Recorded data:
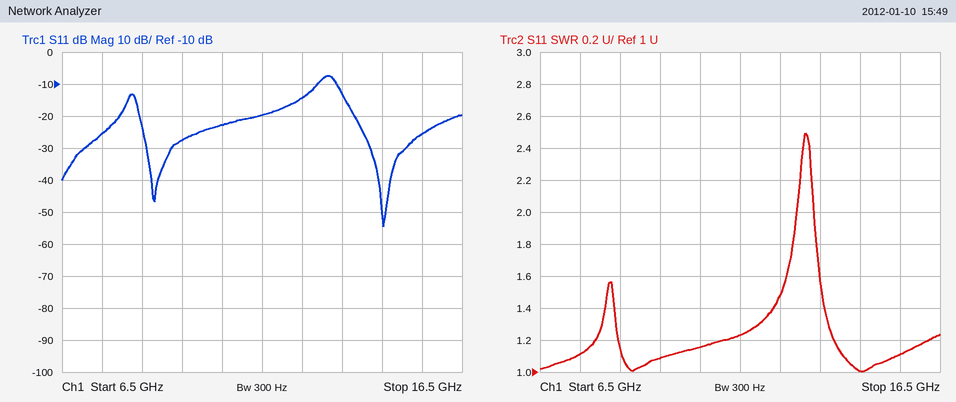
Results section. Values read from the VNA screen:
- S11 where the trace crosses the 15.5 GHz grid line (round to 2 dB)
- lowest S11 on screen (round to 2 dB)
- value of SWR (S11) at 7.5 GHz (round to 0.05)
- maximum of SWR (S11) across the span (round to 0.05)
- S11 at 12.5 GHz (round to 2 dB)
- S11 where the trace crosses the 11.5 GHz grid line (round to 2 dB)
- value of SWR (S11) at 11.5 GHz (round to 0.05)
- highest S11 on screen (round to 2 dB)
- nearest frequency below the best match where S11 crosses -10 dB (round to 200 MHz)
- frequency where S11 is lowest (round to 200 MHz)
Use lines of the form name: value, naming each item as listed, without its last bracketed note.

S11 where the trace crosses the 15.5 GHz grid line: -26 dB
lowest S11 on screen: -54 dB
value of SWR (S11) at 7.5 GHz: 1.10
maximum of SWR (S11) across the span: 2.50
S11 at 12.5 GHz: -14 dB
S11 where the trace crosses the 11.5 GHz grid line: -20 dB
value of SWR (S11) at 11.5 GHz: 1.25
highest S11 on screen: -8 dB
nearest frequency below the best match where S11 crosses -10 dB: 13.4 GHz
frequency where S11 is lowest: 14.6 GHz
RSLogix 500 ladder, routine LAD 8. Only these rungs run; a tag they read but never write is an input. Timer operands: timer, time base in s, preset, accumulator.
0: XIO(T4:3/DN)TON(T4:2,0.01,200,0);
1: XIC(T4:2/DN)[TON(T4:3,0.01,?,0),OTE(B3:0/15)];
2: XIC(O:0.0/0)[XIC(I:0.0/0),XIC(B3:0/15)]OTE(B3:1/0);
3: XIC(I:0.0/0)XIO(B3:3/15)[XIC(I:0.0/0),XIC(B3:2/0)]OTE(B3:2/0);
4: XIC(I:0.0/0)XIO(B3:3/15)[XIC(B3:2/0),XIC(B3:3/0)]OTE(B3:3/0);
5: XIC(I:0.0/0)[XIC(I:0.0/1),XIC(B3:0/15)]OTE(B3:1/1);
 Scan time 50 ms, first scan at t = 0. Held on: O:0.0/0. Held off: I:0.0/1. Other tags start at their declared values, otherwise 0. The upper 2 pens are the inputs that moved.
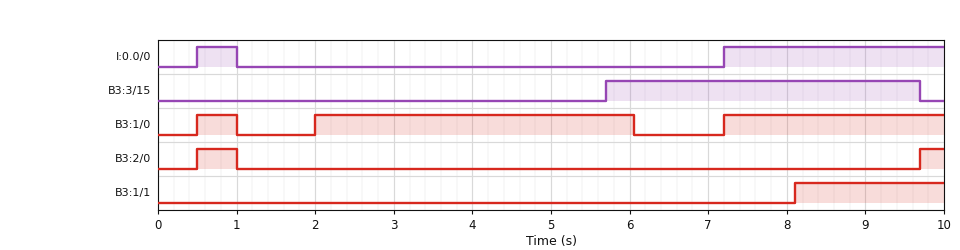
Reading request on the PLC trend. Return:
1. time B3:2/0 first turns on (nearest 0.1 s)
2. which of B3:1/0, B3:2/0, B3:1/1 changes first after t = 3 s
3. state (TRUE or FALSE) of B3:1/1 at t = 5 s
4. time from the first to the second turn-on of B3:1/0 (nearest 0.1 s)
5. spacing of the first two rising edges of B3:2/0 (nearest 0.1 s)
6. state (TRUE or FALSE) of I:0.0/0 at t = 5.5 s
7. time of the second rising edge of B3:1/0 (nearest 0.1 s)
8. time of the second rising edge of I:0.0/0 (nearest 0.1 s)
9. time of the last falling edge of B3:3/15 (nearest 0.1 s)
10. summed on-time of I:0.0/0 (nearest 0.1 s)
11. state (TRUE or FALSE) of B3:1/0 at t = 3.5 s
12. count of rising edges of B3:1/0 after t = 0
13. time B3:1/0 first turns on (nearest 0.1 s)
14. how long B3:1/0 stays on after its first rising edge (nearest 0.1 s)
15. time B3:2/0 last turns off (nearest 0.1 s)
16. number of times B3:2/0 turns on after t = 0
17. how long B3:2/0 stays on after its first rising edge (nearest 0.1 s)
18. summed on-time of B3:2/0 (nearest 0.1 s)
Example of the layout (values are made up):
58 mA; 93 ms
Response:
0.5 s; B3:1/0; FALSE; 1.5 s; 9.2 s; FALSE; 2.0 s; 7.2 s; 9.7 s; 3.3 s; TRUE; 3; 0.5 s; 0.5 s; 1.0 s; 2; 0.5 s; 0.8 s
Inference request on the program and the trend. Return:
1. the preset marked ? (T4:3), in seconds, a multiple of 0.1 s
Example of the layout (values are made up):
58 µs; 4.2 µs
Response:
4.0 s
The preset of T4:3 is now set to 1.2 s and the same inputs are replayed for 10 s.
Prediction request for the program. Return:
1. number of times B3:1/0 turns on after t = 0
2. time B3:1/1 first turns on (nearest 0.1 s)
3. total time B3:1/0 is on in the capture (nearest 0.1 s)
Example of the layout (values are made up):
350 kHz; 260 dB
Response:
4; 8.6 s; 5.8 s
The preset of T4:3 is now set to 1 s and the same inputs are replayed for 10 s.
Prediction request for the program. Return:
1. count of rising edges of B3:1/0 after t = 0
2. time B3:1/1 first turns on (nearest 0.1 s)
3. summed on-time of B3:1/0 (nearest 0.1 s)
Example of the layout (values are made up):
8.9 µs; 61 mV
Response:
4; 8.2 s; 5.4 s

**WHAT TO DO**
From the first line to the last, repeat the records exactly and skip the pictures.

**RESPONSE BELOW**
Results section. Values read from the VNA screen:
- S11 where the trace crosses the 15.5 GHz grid line (round to 2 dB)
- lowest S11 on screen (round to 2 dB)
- value of SWR (S11) at 7.5 GHz (round to 0.05)
- maximum of SWR (S11) across the span (round to 0.05)
- S11 at 12.5 GHz (round to 2 dB)
- S11 where the trace crosses the 11.5 GHz grid line (round to 2 dB)
- value of SWR (S11) at 11.5 GHz (round to 0.05)
- highest S11 on screen (round to 2 dB)
- nearest frequency below the best match where S11 crosses -10 dB (round to 200 MHz)
- frequency where S11 is lowest (round to 200 MHz)
Use lines of the form name: value, naming each item as listed, without its last bracketed note.

S11 where the trace crosses the 15.5 GHz grid line: -26 dB
lowest S11 on screen: -54 dB
value of SWR (S11) at 7.5 GHz: 1.10
maximum of SWR (S11) across the span: 2.50
S11 at 12.5 GHz: -14 dB
S11 where the trace crosses the 11.5 GHz grid line: -20 dB
value of SWR (S11) at 11.5 GHz: 1.25
highest S11 on screen: -8 dB
nearest frequency below the best match where S11 crosses -10 dB: 13.4 GHz
frequency where S11 is lowest: 14.6 GHz
RSLogix 500 ladder, routine LAD 8. Only these rungs run; a tag they read but never write is an input. Timer operands: timer, time base in s, preset, accumulator.
0: XIO(T4:3/DN)TON(T4:2,0.01,200,0);
1: XIC(T4:2/DN)[TON(T4:3,0.01,?,0),OTE(B3:0/15)];
2: XIC(O:0.0/0)[XIC(I:0.0/0),XIC(B3:0/15)]OTE(B3:1/0);
3: XIC(I:0.0/0)XIO(B3:3/15)[XIC(I:0.0/0),XIC(B3:2/0)]OTE(B3:2/0);
4: XIC(I:0.0/0)XIO(B3:3/15)[XIC(B3:2/0),XIC(B3:3/0)]OTE(B3:3/0);
5: XIC(I:0.0/0)[XIC(I:0.0/1),XIC(B3:0/15)]OTE(B3:1/1);
 Scan time 50 ms, first scan at t = 0. Held on: O:0.0/0. Held off: I:0.0/1. Other tags start at their declared values, otherwise 0. The upper 2 pens are the inputs that moved.
Reading request on the PLC trend. Return:
1. time B3:2/0 first turns on (nearest 0.1 s)
2. which of B3:1/0, B3:2/0, B3:1/1 changes first after t = 3 s
3. state (TRUE or FALSE) of B3:1/1 at t = 5 s
4. time from the first to the second turn-on of B3:1/0 (nearest 0.1 s)
5. spacing of the first two rising edges of B3:2/0 (nearest 0.1 s)
6. state (TRUE or FALSE) of I:0.0/0 at t = 5.5 s
7. time of the second rising edge of B3:1/0 (nearest 0.1 s)
8. time of the second rising edge of I:0.0/0 (nearest 0.1 s)
9. time of the last falling edge of B3:3/15 (nearest 0.1 s)
10. summed on-time of I:0.0/0 (nearest 0.1 s)
11. state (TRUE or FALSE) of B3:1/0 at t = 3.5 s
12. count of rising edges of B3:1/0 after t = 0
13. time B3:1/0 first turns on (nearest 0.1 s)
14. how long B3:1/0 stays on after its first rising edge (nearest 0.1 s)
15. time B3:2/0 last turns off (nearest 0.1 s)
16. number of times B3:2/0 turns on after t = 0
17. how long B3:2/0 stays on after its first rising edge (nearest 0.1 s)
18. summed on-time of B3:2/0 (nearest 0.1 s)
Example of the layout (values are made up):
58 mA; 93 ms
Response:
0.5 s; B3:1/0; FALSE; 1.5 s; 9.2 s; FALSE; 2.0 s; 7.2 s; 9.7 s; 3.3 s; TRUE; 3; 0.5 s; 0.5 s; 1.0 s; 2; 0.5 s; 0.8 s
Inference request on the program and the trend. Return:
1. the preset marked ? (T4:3), in seconds, a multiple of 0.1 s
Example of the layout (values are made up):
58 µs; 4.2 µs
Response:
4.0 s
The preset of T4:3 is now set to 1.2 s and the same inputs are replayed for 10 s.
Prediction request for the program. Return:
1. number of times B3:1/0 turns on after t = 0
2. time B3:1/1 first turns on (nearest 0.1 s)
3. total time B3:1/0 is on in the capture (nearest 0.1 s)
Example of the layout (values are made up):
350 kHz; 260 dB
Response:
4; 8.6 s; 5.8 s
The preset of T4:3 is now set to 1 s and the same inputs are replayed for 10 s.
Prediction request for the program. Return:
1. count of rising edges of B3:1/0 after t = 0
2. time B3:1/1 first turns on (nearest 0.1 s)
3. summed on-time of B3:1/0 (nearest 0.1 s)
Example of the layout (values are made up):
8.9 µs; 61 mV
Response:
4; 8.2 s; 5.4 s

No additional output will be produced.